## Problem to work on
Each line of the listing below containing the word "radius" should be returned.

## Records to use
────────

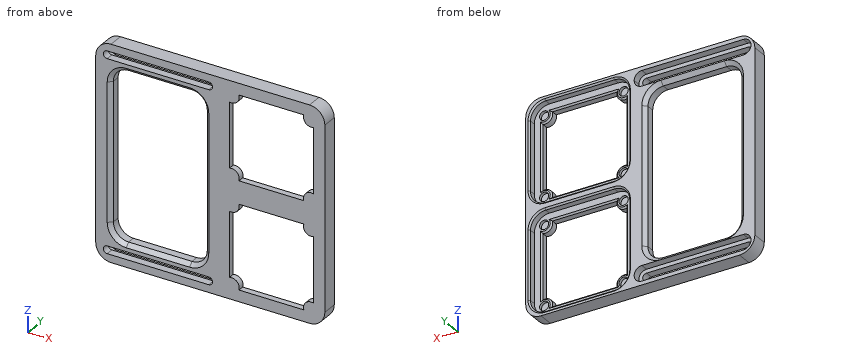
```python
from build123d import *

# Parameters (mm, degrees)
SKETCH1_W           = 70
SKETCH1_H           = 70
BOSS_EXTRUDE2_DEPTH = 7
CUT_EXTRUDE1_DEPTH  = 5
SKETCH9_W           = 70
SKETCH9_H           = 70
BOSS_EXTRUDE3_DEPTH = 5
CUT_EXTRUDE11_DEPTH = 100.242128151
SKETCH21_R          = 3
CUT_EXTRUDE12_DEPTH = 2
CHAMFER3_SIZE       = 1
CUT_EXTRUDE13_START = -2
SKETCH22_W          = 70
SKETCH22_H          = 70
CUT_EXTRUDE13_DEPTH = 2
FILLET1_R           = 10
SKETCH23_W          = 140
SKETCH23_H          = 10
BOSS_EXTRUDE4_DEPTH = 80
CUT_EXTRUDE14_DEPTH = 70
FILLET2_R           = 10
CUT_EXTRUDE15_DEPTH = 70
CHAMFER5_SIZE       = 2.5
CUT_EXTRUDE16_DEPTH = 5
CUT_EXTRUDE17_DEPTH = 5


with BuildPart() as part:
    # Sketch1 → Boss-Extrude2 (new body)
    with BuildSketch(Plane(origin=(0, 0, 0), x_dir=(1, 0, 0), z_dir=(0, 1, 0))):
        with Locations((35, 35)):
            Rectangle(SKETCH1_W, SKETCH1_H)
    extrude(amount=BOSS_EXTRUDE2_DEPTH)

    # Sketch3 → Cut-Extrude1 (cut)
    with BuildSketch(Plane(origin=(0, 7, 0), x_dir=(1, 0, 0), z_dir=(0, 1, 0))):
        with BuildLine():
            Line((2.5, 57.5), (2.5, 12.5))
            ThreePointArc((2.5, 12.5), (5.428932188, 5.428932188), (12.5, 2.5))
            Line((12.5, 2.5), (57.5, 2.5))
            ThreePointArc((57.5, 2.5), (64.571067812, 5.428932188), (67.5, 12.5))
            Line((67.5, 12.5), (67.5, 57.5))
            ThreePointArc((67.5, 57.5), (64.571067812, 64.571067812), (57.5, 67.5))
            Line((57.5, 67.5), (12.5, 67.5))
            ThreePointArc((12.5, 67.5), (5.428932188, 64.571067812), (2.5, 57.5))
        make_face()
    extrude(amount=-CUT_EXTRUDE1_DEPTH, mode=Mode.SUBTRACT)

    # Sketch9 → Boss-Extrude3 (add)
    with BuildSketch(Plane.XZ):
        with Locations((35, -35)):
            Rectangle(SKETCH9_W, SKETCH9_H)
    extrude(amount=BOSS_EXTRUDE3_DEPTH)

    # Sketch20 → Cut-Extrude11 (cut, through all)
    with BuildSketch(Plane(origin=(0, 2, 0), x_dir=(1, 0, 0), z_dir=(0, 1, 0))):
        with BuildLine():
            Line((13.745191882, 7.5), (56.254808118, 7.5))
            ThreePointArc((56.254808118, 7.5), (57.5, 12.5), (62.5, 13.745191882))
            Line((62.5, 13.745191882), (62.5, 56.254808118))
            ThreePointArc((62.5, 56.254808118), (57.5, 57.5), (56.254808118, 62.5))
            Line((56.254808118, 62.5), (13.745191882, 62.5))
            ThreePointArc((13.745191882, 62.5), (12.5, 57.5), (7.5, 56.254808118))
            Line((7.5, 56.254808118), (7.5, 13.745191882))
            ThreePointArc((7.5, 13.745191882), (12.5, 12.5), (13.745191882, 7.5))
        make_face()
    extrude(amount=-CUT_EXTRUDE11_DEPTH, mode=Mode.SUBTRACT)

    # Sketch21 → Cut-Extrude12 (cut)
    with BuildSketch(Plane(origin=(0, 2, 0), x_dir=(1, 0, 0), z_dir=(0, 1, 0))):
        with Locations(Location((8.964466094, 61.035533906, 0), (0, 0, 270))):
            Circle(SKETCH21_R)
        with Locations(Location((61.035533906, 61.035533906, 0), (0, 0, 270))):
            Circle(SKETCH21_R)
        with Locations(Location((61.035533906, 8.964466094, 0), (0, 0, 270))):
            Circle(SKETCH21_R)
        with Locations(Location((8.964466094, 8.964466094, 0), (0, 0, 270))):
            Circle(SKETCH21_R)
    extrude(amount=-CUT_EXTRUDE12_DEPTH, mode=Mode.SUBTRACT)

    # Chamfer3
    chamfer3_edges = [part.edges().sort_by_distance(p)[0] for p in [
        (5.428932188, 7, -5.428932188),
        (35, 7, -2.5),
        (64.571067812, 7, -5.428932188),
        (67.5, 7, -35),
        (64.571067812, 7, -64.571067812),
        (35, 7, -67.5),
        (5.428932188, 7, -64.571067812),
        (2.5, 7, -35),
        (12.5, 2, -12.5),
        (12.5, 2, -57.5),
        (57.5, 2, -57.5),
        (57.5, 2, -12.5),
        (35, 2, -7.5),
        (62.5, 2, -35),
        (35, 2, -62.5),
        (7.5, 2, -35),
    ]]
    chamfer(chamfer3_edges, length=CHAMFER3_SIZE)

    # Sketch22 → Cut-Extrude13 (cut)
    with BuildSketch(Plane.XZ.offset(5).offset(CUT_EXTRUDE13_START)):
        with Locations((35, -35)):
            Rectangle(SKETCH22_W, SKETCH22_H)
        with BuildLine():
            Line((7.5, -13.745191882), (7.5, -56.254808118))
            ThreePointArc((7.5, -56.254808118), (12.5, -57.5), (13.745191882, -62.5))
            Line((13.745191882, -62.5), (56.254808118, -62.5))
            ThreePointArc((56.254808118, -62.5), (57.5, -57.5), (62.5, -56.254808118))
            Line((62.5, -56.254808118), (62.5, -13.745191882))
            ThreePointArc((62.5, -13.745191882), (57.5, -12.5), (56.254808118, -7.5))
            Line((56.254808118, -7.5), (13.745191882, -7.5))
            ThreePointArc((13.745191882, -7.5), (12.5, -12.5), (7.5, -13.745191882))
        make_face(mode=Mode.SUBTRACT)
    extrude(amount=CUT_EXTRUDE13_DEPTH, mode=Mode.SUBTRACT)

    # Mirror2: part across plane


with BuildPart() as part_1:
    add(part.part)
    add(part.part.mirror(Plane(origin=(0, 7, -70), x_dir=(1, 0, 0), z_dir=(0, 0, 1))))

    # Fillet1
    fillet1_edges = [part_1.edges().sort_by_distance(p)[0] for p in [
        (70, 2, -140),
        (70, 2, 0),
    ]]
    fillet(fillet1_edges, radius=FILLET1_R)

    # Sketch23 → Boss-Extrude4 (add)
    with BuildSketch(Plane.ZY):
        with Locations((-70, 2)):
            Rectangle(SKETCH23_W, SKETCH23_H)
    extrude(amount=BOSS_EXTRUDE4_DEPTH)

    # Sketch24 → Cut-Extrude14 (cut)
    with BuildSketch(Plane(origin=(0, 7, 0), x_dir=(1, 0, 0), z_dir=(0, 1, 0))):
        with BuildLine():
            Line((-72.5, 5), (-6, 5))
            ThreePointArc((-6, 5), (-3.5, 7.5), (-6, 10))
            Line((-6, 10), (-72.5, 10))
            ThreePointArc((-72.5, 10), (-75, 7.5), (-72.5, 5))
        make_face()
        with BuildLine():
            Line((-72.5, 135), (-6, 135))
            ThreePointArc((-6, 135), (-3.5, 132.5), (-6, 130))
            Line((-6, 130), (-72.5, 130))
            ThreePointArc((-72.5, 130), (-75, 132.5), (-72.5, 135))
        make_face()
    extrude(amount=-CUT_EXTRUDE14_DEPTH, mode=Mode.SUBTRACT)

    # Fillet2
    fillet2_edges = [part_1.edges().sort_by_distance(p)[0] for p in [
        (-80, 2, -140),
        (-80, 2, 0),
    ]]
    fillet(fillet2_edges, radius=FILLET2_R)

    # Sketch25 → Cut-Extrude15 (cut)
    with BuildSketch(Plane(origin=(0, 7, 0), x_dir=(1, 0, 0), z_dir=(0, 1, 0))):
        with BuildLine():
            Line((-70, 25), (-70, 115))
            ThreePointArc((-70, 115), (-67.071067812, 122.071067812), (-60, 125))
            Line((-60, 125), (-18.5, 125))
            ThreePointArc((-18.5, 125), (-11.428932188, 122.071067812), (-8.5, 115))
            Line((-8.5, 115), (-8.5, 25))
            ThreePointArc((-8.5, 25), (-11.428932188, 17.928932188), (-18.5, 15))
            Line((-18.5, 15), (-60, 15))
            ThreePointArc((-60, 15), (-67.071067812, 17.928932188), (-70, 25))
        make_face()
    extrude(amount=-CUT_EXTRUDE15_DEPTH, mode=Mode.SUBTRACT)

    # Chamfer5
    chamfer5_edges = [part_1.edges().sort_by_distance(p)[0] for p in [
        (-3.5, 7, -7.5),
        (-75, 7, -7.5),
        (-39.25, 7, -10),
        (-39.25, 7, -5),
        (-39.25, 7, -135),
        (-39.25, 7, -130),
        (-3.5, 7, -132.5),
        (-75, 7, -132.5),
        (-67.071067812, -3, -17.928932188),
        (-39.25, -3, -15),
        (-11.428932188, -3, -17.928932188),
        (-8.5, -3, -70),
        (-11.428932188, -3, -122.071067812),
        (-39.25, -3, -125),
        (-67.071067812, -3, -122.071067812),
        (-70, -3, -70),
        (-70, 7, -70),
        (-67.071067812, 7, -122.071067812),
        (-39.25, 7, -125),
        (-11.428932188, 7, -122.071067812),
        (-8.5, 7, -70),
        (-11.428932188, 7, -17.928932188),
        (-39.25, 7, -15),
        (-67.071067812, 7, -17.928932188),
    ]]
    chamfer(chamfer5_edges, length=CHAMFER5_SIZE - 0.0001)  # a hair under: the kernel refuses the full size

    # Sketch26 → Cut-Extrude16 (cut)
    with BuildSketch(Plane(origin=(0, 7, 0), x_dir=(1, 0, 0), z_dir=(0, 1, 0))):
        with BuildLine():
            ThreePointArc((-72.5, 137.5), (-77.5, 132.5), (-72.5, 127.5))
            ThreePointArc((-72.5, 127.5), (-68.964466094, 128.964466094), (-67.5, 132.5))
            ThreePointArc((-67.5, 132.5), (-68.964466094, 136.035533906), (-72.5, 137.5))
        make_face()
        with BuildLine():
            ThreePointArc((-67.5, 132.5), (-68.964466094, 128.964466094), (-72.5, 127.5))
            Line((-72.5, 127.5), (-60, 127.5))
            Line((-60, 127.5), (-18.5, 127.5))
            Line((-18.5, 127.5), (-6, 127.5))
            ThreePointArc((-6, 127.5), (-11, 132.5), (-6, 137.5))
            Line((-6, 137.5), (-72.5, 137.5))
            ThreePointArc((-72.5, 137.5), (-68.964466094, 136.035533906), (-67.5, 132.5))
        make_face()
        with BuildLine():
            Line((-6, 127.5), (-6, 137.5))
            ThreePointArc((-6, 137.5), (-1, 132.5), (-6, 127.5))
        make_face()
        with BuildLine():
            ThreePointArc((-1, 132.5), (-2.464466094, 136.035533906), (-6, 137.5))
            Line((-6, 137.5), (-6, 127.5))
            ThreePointArc((-6, 127.5), (-2.464466094, 128.964466094), (-1, 132.5))
        make_face()
        with BuildLine():
            Line((-6, 127.5), (-6, 137.5))
            ThreePointArc((-6, 137.5), (-11, 132.5), (-6, 127.5))
        make_face()
    extrude(amount=-CUT_EXTRUDE16_DEPTH, mode=Mode.SUBTRACT)

    # Sketch27 → Cut-Extrude17 (cut)
    with BuildSketch(Plane(origin=(0, 7, 0), x_dir=(1, 0, 0), z_dir=(0, 1, 0))):
        with BuildLine():
            ThreePointArc((-6, 12.5), (-11, 7.5), (-6, 2.5))
            Line((-6, 2.5), (-6, 12.5))
        make_face()
        with BuildLine():
            Line((-6, 12.5), (-6, 2.5))
            ThreePointArc((-6, 2.5), (-2.464466094, 3.964466094), (-1, 7.5))
            ThreePointArc((-1, 7.5), (-2.464466094, 11.035533906), (-6, 12.5))
        make_face()
        with BuildLine():
            Line((-6, 12.5), (-6, 2.5))
            ThreePointArc((-6, 2.5), (-1, 7.5), (-6, 12.5))
        make_face()
        with BuildLine():
            Line((-60, 12.5), (-72.5, 12.5))
            ThreePointArc((-72.5, 12.5), (-68.964466094, 11.035533906), (-67.5, 7.5))
            ThreePointArc((-67.5, 7.5), (-68.964466094, 3.964466094), (-72.5, 2.5))
            Line((-72.5, 2.5), (-6, 2.5))
            ThreePointArc((-6, 2.5), (-11, 7.5), (-6, 12.5))
            Line((-6, 12.5), (-18.5, 12.5))
            Line((-18.5, 12.5), (-60, 12.5))
        make_face()
        with BuildLine():
            ThreePointArc((-67.5, 7.5), (-68.964466094, 11.035533906), (-72.5, 12.5))
            ThreePointArc((-72.5, 12.5), (-77.5, 7.5), (-72.5, 2.5))
            ThreePointArc((-72.5, 2.5), (-68.964466094, 3.964466094), (-67.5, 7.5))
        make_face()
    extrude(amount=-CUT_EXTRUDE17_DEPTH, mode=Mode.SUBTRACT)


solid = part_1.part
```
The listing builds one solid part. Answer for the finished solid, in the listing's coordinates (mm). Round coordinates to 2 decimals unless told otherwise and drop trailing zeros. Loops run counter-clockwise (first coordinate to the right, second up) from the corner with the lowest first, then second, coordinate; pieces in that order, holes last.
Q1. Find the intervals of material crossed by line 1 (Z direction, x = -54, y = 3); line 2 (Z direction, x = 57, y = 3.5); line 3 (Z direction, x = 44, y = 0), in increasing order.
Q2. Section A-A, the plane z = -105 is taken. Determine the outline of the cut face in (x, y), then the cut area to 3 significant figures.
Q3. Section B-B, the plane x = 25 is taken. Determine the outline of the cut face in (y, z).
Q4. Section C-C, the plane x = -12 is taken. Count the separate pieces of the cut face and the enclosed holes in it, then the cut area to 3 significant figures.
Q5. Given pin 1 Ø1.8 at (x, z) = (61, -9.5) entering from +Y; pin 2 Ø6.5 at (x, z) = (61.5, -129.5) entering from +Y, each flat-ended and moving along its own axis, determine where each tip first touches the part or whether it passes through.
Completed:
1. line 1: z = -140 to -137.5, -127.5 to -125, -15 to -12.5, -2.5 to 0
1. line 2: z = -140 to -137.5, -72.5 to -67.5, -2.5 to 0
1. line 3: z = -140 to -132.5, -77.5 to -62.5, -7.5 to 0
2. outline: (-80, -3) - (-72.5, -3) - (-70, -0.5) - (-70, 4.5) - (-72.5, 7) - (-80, 7) - close; (-8.5, -0.5) - (-6, -3) - (7.5, -3) - (7.5, 1) - (6.5, 2) - (2.5, 2) - (2.5, 6) - (1.5, 7) - (-6, 7) - (-8.5, 4.5) - close; (62.5, -3) - (70, -3) - (70, 7) - (68.5, 7) - (67.5, 6) - (67.5, 2) - (63.5, 2) - (62.5, 1) - close
2. area: 271 mm2
3. outline: (-3, -140) - (7, -140) - (7, -138.5) - (6, -137.5) - (2, -137.5) - (2, -133.5) - (1, -132.5) - (-3, -132.5) - close; (-3, -77.5) - (1, -77.5) - (2, -76.5) - (2, -72.5) - (6, -72.5) - (7, -71.5) - (7, -68.5) - (6, -67.5) - (2, -67.5) - (2, -63.5) - (1, -62.5) - (-3, -62.5) - close; (-3, -7.5) - (1, -7.5) - (2, -6.5) - (2, -2.5) - (6, -2.5) - (7, -1.5) - (7, 0) - (-3, 0) - close
4. separate pieces: 4
4. enclosed holes: 0
4. area: 182 mm2
5. pin 1: stops at y = 0
5. pin 2: stops at y = 2

────────

## Result
    fillet(fillet1_edges, radius=FILLET1_R)
    fillet(fillet2_edges, radius=FILLET2_R)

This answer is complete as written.